![]() |
Coal is a burnable carbonaceous rock, classified as sedimentary. Coal is divided into four major types, based generally on the amount of transformation undergone from the earlier plant and peat stages, heating value and other characteristics:
Lignite: A brownish-black coal with generally high moisture and ash content and the lowest carbon content. Significant resources and mining operations are in Texas, North Dakota and Montana.
Subbituminous: Coal with higher heating value than lignite. Wyoming produces the bulk of sub-bituminous coal in the Powder River Basin (PRB) area.
Bituminous: Soft, intermediate grade of coal that is most common and widely used in the United States. It is mined mainly in Appalachia and the Midwest regions of the US.

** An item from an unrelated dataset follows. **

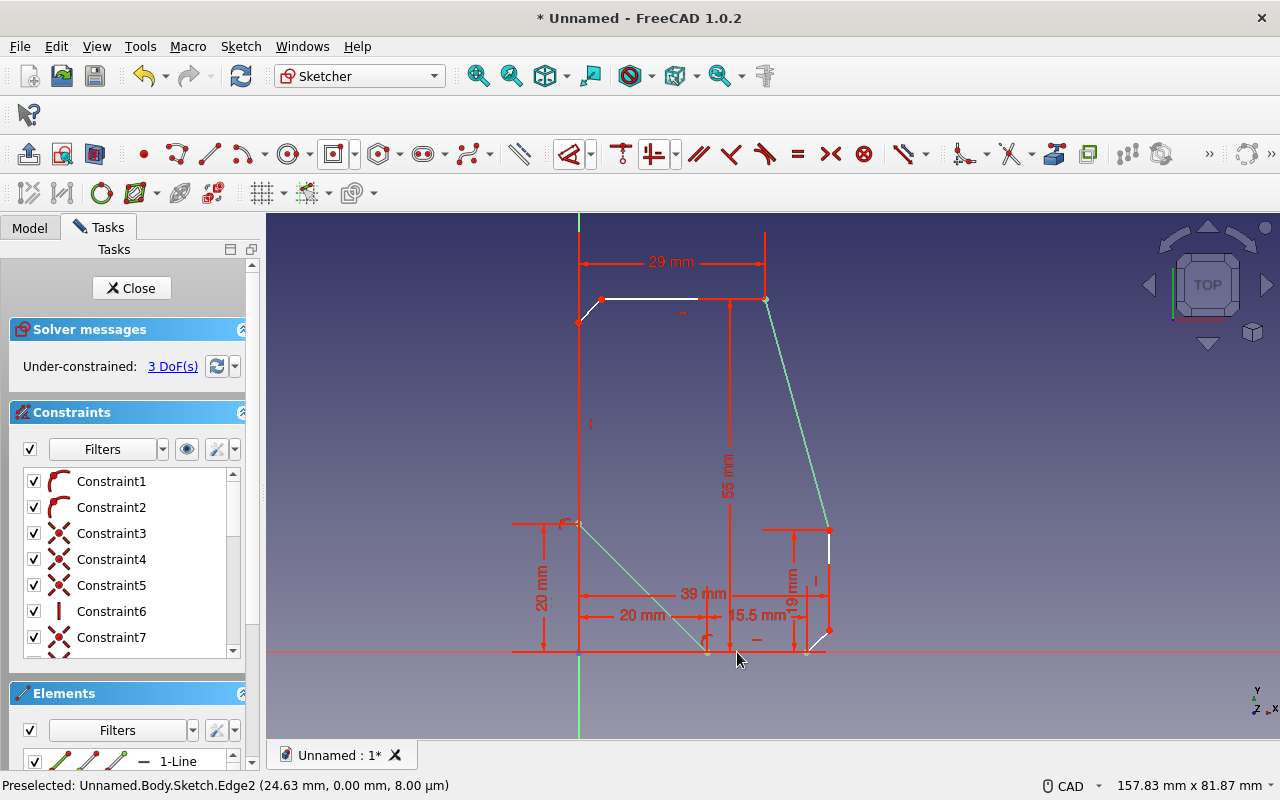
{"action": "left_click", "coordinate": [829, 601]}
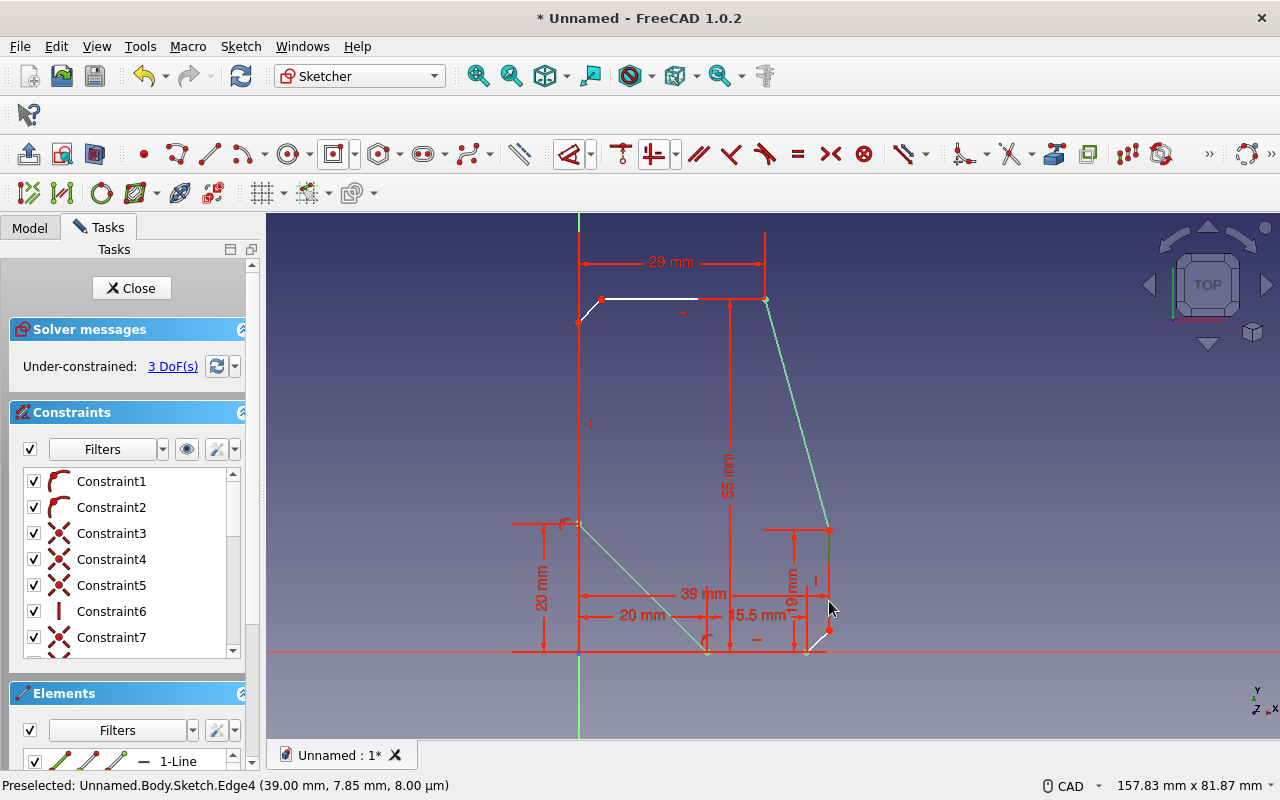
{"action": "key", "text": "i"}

Anthracite: The hardest type of coal, consisting of nearly all carbon. Mined in the Appalachian area of Pennsylvania, it has the highest heating value and lowest moisture and ash content.
Mining methods for coal is usually accomplished by open pit (or surface) or underground (also called deep) mining techniques. Deposits of coal less than 200 feet are extracted by surface mining, which accounts for the majority (67 percent) of the annual US coal production.
Underground mining is usually accomplished by either longwall or continuous mining techniques.
Coking coal is a bituminous coal with special characteristics that allows it to be converted into coke and used in the steel manufacturing process.